Mi libero della coperta consunta, mi alzo e ho bisogno di poggiarmi al comodino di legno accanto al letto, per evitare di cadere. Le membra stanche e pesanti mi impediscono di far un passo senza sentir dolore, senza avvertire che qualcosa si rompe dentro di me, in ogni gesto che compio. E’ come se ogni cosa avesse perso il proprio senso, come se mi costasse fatica vivere.

Ci sono cose che non ho scelto e quelle cose mi hanno cambiato.

Non ho scelto di perderlo, ritrovarlo e perderlo ancora; non ho scelto di vederlo scomparire dietro quel dannato velo, di osservare le sue labbra dischiudersi e sussurrare qualcosa che mai più sentirò; non ho scelto di amarlo e al contempo odiarlo solo perché si è impossessato della mia vita, dei miei sogni e del mio cuore.

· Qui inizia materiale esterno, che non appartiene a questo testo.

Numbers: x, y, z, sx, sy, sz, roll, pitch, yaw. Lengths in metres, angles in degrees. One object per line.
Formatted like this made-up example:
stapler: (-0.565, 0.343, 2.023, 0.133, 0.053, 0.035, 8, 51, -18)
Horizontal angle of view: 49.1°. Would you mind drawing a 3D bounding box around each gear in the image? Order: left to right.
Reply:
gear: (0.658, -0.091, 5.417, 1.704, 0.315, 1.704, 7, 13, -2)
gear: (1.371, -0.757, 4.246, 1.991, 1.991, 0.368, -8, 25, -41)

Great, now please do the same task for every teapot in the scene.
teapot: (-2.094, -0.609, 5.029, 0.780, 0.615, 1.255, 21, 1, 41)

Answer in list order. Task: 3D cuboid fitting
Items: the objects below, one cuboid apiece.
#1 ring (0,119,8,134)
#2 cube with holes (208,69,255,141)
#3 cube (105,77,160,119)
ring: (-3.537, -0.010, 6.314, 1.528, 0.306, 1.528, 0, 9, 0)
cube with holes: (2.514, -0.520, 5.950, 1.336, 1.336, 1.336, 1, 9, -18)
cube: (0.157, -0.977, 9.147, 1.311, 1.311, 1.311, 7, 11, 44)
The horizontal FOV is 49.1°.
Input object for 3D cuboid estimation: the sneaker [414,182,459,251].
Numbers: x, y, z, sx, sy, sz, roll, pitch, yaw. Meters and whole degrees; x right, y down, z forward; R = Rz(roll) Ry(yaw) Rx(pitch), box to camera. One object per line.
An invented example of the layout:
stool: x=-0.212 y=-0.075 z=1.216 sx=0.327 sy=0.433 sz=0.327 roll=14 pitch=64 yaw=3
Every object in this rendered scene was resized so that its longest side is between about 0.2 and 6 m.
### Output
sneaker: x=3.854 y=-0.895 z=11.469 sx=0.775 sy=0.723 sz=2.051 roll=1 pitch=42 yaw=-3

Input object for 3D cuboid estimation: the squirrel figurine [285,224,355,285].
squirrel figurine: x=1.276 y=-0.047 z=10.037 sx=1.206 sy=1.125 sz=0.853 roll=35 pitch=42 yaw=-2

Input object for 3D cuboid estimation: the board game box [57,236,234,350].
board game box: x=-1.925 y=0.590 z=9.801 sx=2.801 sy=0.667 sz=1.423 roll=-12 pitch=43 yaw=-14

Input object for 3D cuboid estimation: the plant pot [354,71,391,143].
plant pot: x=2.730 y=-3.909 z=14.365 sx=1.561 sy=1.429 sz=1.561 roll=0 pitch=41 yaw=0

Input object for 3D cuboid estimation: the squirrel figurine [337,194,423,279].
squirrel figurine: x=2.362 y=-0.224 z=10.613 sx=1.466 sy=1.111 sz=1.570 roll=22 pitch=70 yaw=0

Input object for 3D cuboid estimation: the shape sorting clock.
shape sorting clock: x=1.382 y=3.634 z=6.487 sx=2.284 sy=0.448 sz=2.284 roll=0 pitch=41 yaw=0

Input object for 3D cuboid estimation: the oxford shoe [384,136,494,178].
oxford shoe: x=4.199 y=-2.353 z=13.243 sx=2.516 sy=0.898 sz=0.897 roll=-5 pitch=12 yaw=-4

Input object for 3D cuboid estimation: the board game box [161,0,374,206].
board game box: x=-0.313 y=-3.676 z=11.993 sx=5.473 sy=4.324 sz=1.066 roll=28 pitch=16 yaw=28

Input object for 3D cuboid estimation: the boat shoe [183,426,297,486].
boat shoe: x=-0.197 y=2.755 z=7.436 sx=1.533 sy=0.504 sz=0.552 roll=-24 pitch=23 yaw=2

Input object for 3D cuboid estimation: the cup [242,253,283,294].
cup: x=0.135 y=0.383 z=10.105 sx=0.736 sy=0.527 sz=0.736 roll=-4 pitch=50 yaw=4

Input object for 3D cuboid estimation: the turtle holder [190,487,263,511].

Non ho scelto una vita pregna della nostalgia di cose mai accadute, ma ora decido di chiudere gli occhi e rivederlo, cercando di rammentare il suo profumo e la sensazione di calore al petto che l’essergli vicino mi provocava. E resto immobile, senza permettere a nessun muscolo del mio corpo di muoversi, ordinando persino al mio cuore di decelerare i battiti; e spero, e attendo qualcosa che non accadrà. Non rivivrò nessuna di quelle sensazioni, non lo sentirò più dentro le ossa e sotto la pelle, non lo riavrò.

Mi accascio nuovamente sul letto, stendendomi e coprendo le palpebre con una mano; l’unica cosa che posso fare è ricordarlo e maledire me stesso per non aver scelto lui, in quel giorno lontano. E’ in quel momento che il sonno ritorna ad impossessarsi del mio corpo, ad intrappolarmi nelle sue maglie ingannatrici.

 

 

<< Tu consumi tutto l’ossigeno che mi sta intorno, sei asfissiante, pressante e io ho bisogno di uscire da qui >> Indietreggio e lo guardo un’ultima volta, mentre arriccia le labbra in una smorfia insofferente, mentre i suoi occhi brillano di una luce quasi maniacale.

<< Stai commettendo un errore Remus, se vai via, non torni più >>

Chiaro è il rumore della maniglia che si abbassa, della porta che si apre, richiudendosi poi alle mie spalle; chiaro è il rumore dei miei passi che per sempre mi allontanano da Sirius.

 

 

Ho aspettato troppo, ed ora è tardi per l’amore, è tardi per noi.